The porpoise one came from the Sea Mammal Research Unit. They go out on trawlers with binoculars and write down how many porpoises they have seen on a particular day. If someone wants to put in a wind farm, for example, they need an environmental impact report and that is part of it. They have now worked out algorithms to detect and identify mammals from their sound rather than using ad hoc methods. This sits on a buoy and says that’s a porpoise or that’s a whale and so on. But they needed a low-power analogue-to-digital converter, so we designed the card for them.

The condors one came from Swansea University. A researcher was looking at flight paths of condors in the Andes. They would attach GPS trackers to them and see where they go. The problem they had was getting the information back. You couldn’t have a high-power radio transmitter because the battery doesn’t last. We developed the release mechanism that drops the pack onto the ground and they could then find that. They are now looking at tracking mountain goats and maybe even badger tracking.

3. What are the pitfalls of offshore manufacturing and design?

We get customers from all over the place and some manufacture in the UK, some never manufacture anything, and some manufacture in China and other countries. There are mixed levels of success with all these options.

There have been a number of customers who have been manufacturing in China and have later wanted to move manufacturing elsewhere and have been surprised to find they don’t own any of the IP. What looked like a great bargain at the outset suddenly looks very sour. We have seen some quite large companies fall for this.

The business model is very different over there. If you want to move, you can be left with nothing. This is common. If you are going to build products in China, think about it first. For low volumes, you don’t need to go that far afield. Those that make a success of it spend a lot of time developing a relationship with the factory over there.

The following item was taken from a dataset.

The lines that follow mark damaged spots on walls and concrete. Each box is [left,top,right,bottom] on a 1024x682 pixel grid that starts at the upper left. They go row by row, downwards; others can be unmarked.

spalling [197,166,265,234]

There are also issues about finding local suppliers in design and manufacturing. And there are advantages of the customer being able to visit to look at what is being designed or made if they want to make changes. You can’t do that if you are the other side of the world.

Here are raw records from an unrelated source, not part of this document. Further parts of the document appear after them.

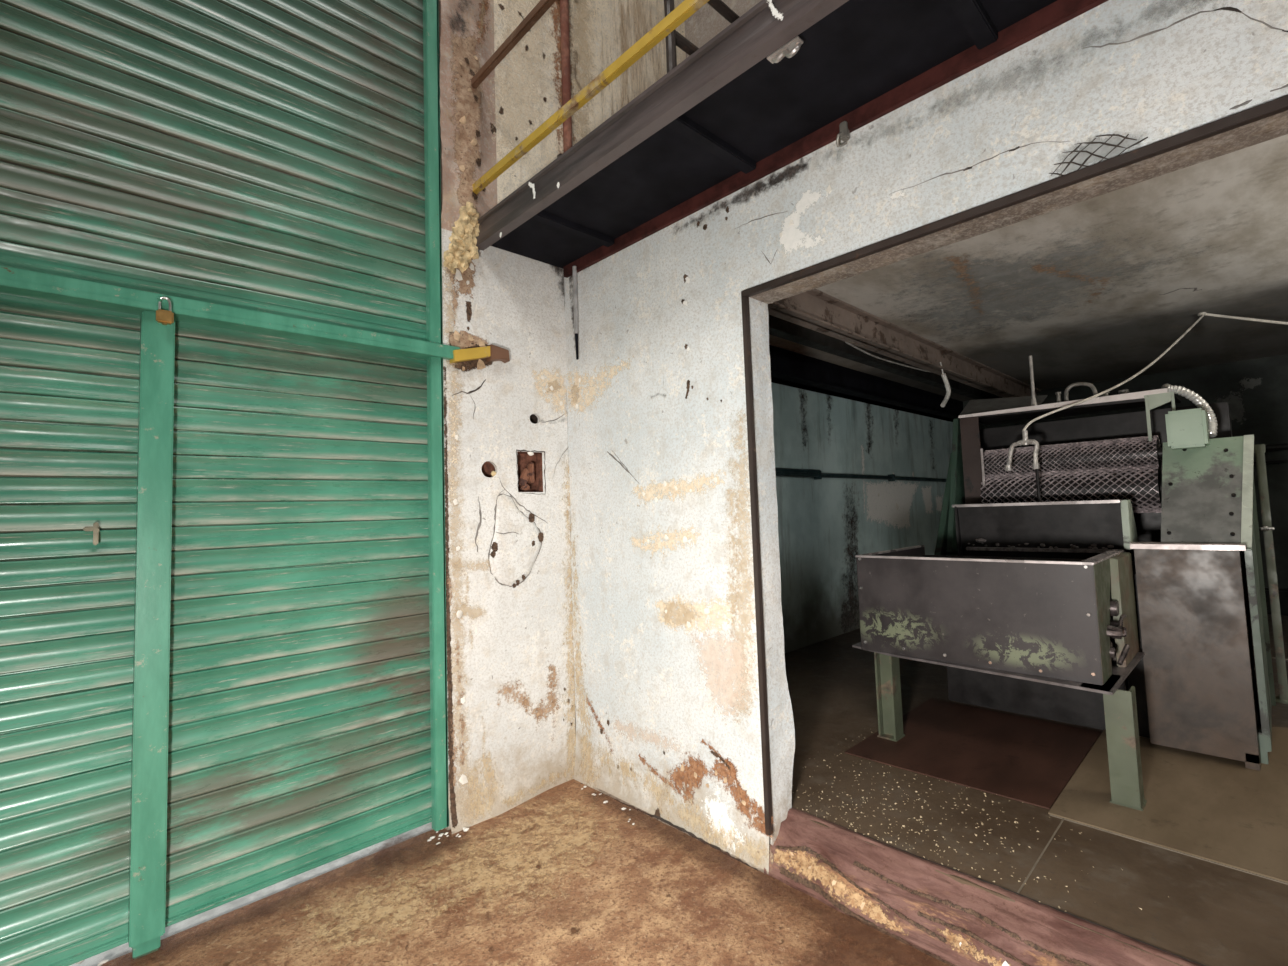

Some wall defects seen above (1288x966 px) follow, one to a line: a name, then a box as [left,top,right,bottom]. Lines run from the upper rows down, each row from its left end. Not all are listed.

crack [1081,7,1288,49]
crack [1229,84,1288,110]
crack [893,141,1070,193]
peeling [776,185,832,254]
damp [551,265,575,336]
peeling [443,0,557,828]
damp [692,417,754,715]
damp [468,465,942,966]
spalling [638,739,1089,966]

The economics are shifting as well. Transport costs are going up. But for high volume, it will continue to be attractive for European companies, though it makes less sense that it did in the past.

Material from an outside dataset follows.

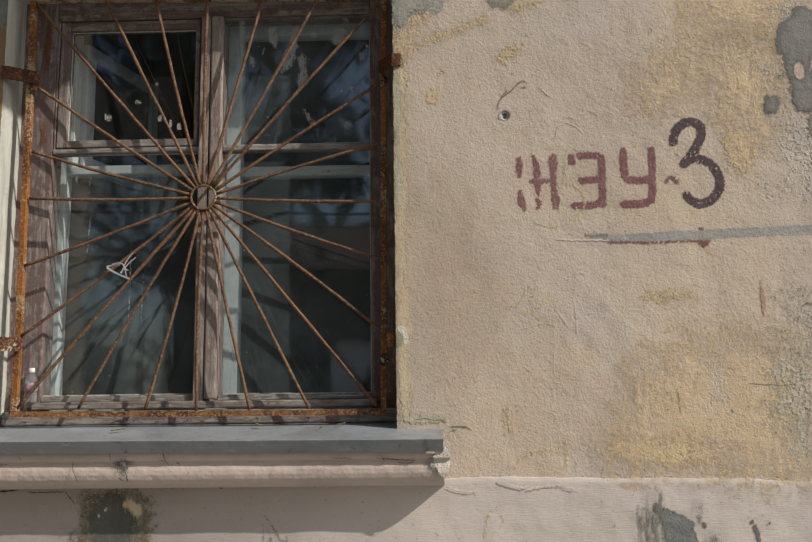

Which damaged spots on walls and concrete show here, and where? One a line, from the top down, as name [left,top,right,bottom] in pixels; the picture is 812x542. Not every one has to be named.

peeling [392,7,494,425]
peeling [615,0,812,177]

4. What was the hardest mountain or hill that you have climbed?

Without doubt, the hardest mountaineering challenge that I have done is the Welsh 3000s. That is climbing all of the peaks over 3000ft in Snowdonia in one go. Four of us set off at 4am up the first mountain (Crib Goch) and only two of us completed the challenge, finishing back at the car at midnight. The trick to completing it was a big bag of cola bottles.

I am in a group of guys who are now trying to do the Munros in Scotland. These are all over 3000ft and there are hundreds of them. We are working our way through them.

In midsummer, we will try to do the Inaccessible Pinnacle on the Isle of Skye. This is the only one in the UK that you need ropes to get to the top.

5. Bytesnap developed the electronics and software for the electric vehicle charging posts used during the London Olympics. How did you come to be chosen and how important was that contract for gaining future work?

It was pretty much a chance meeting. Round the country there are various schemes and one is called Plugged-In Places. They had a day event at Worcester University and at the event I met someone from Chargepoint Services, who had the Olympics contract from GE. But the problem they has was that the charge posts didn’t meet the specifications that the Olympics committee and Transport for London wanted by a long way. They didn’t measure consumption or communicate with anyone. We designed a board that let the post talk with the server. Every time it charged a vehicle, it communicated with the server so they knew how much to charge people. It was a very pressurised project as they were under a strict time limit.

In terms of future work, it was a high profile job. It is something we can talk about and it gives people confidence in us. We have done a lot of work since the Olympics making posts and related work. The electric vehicle market is still at a young stage and it is a good place to be.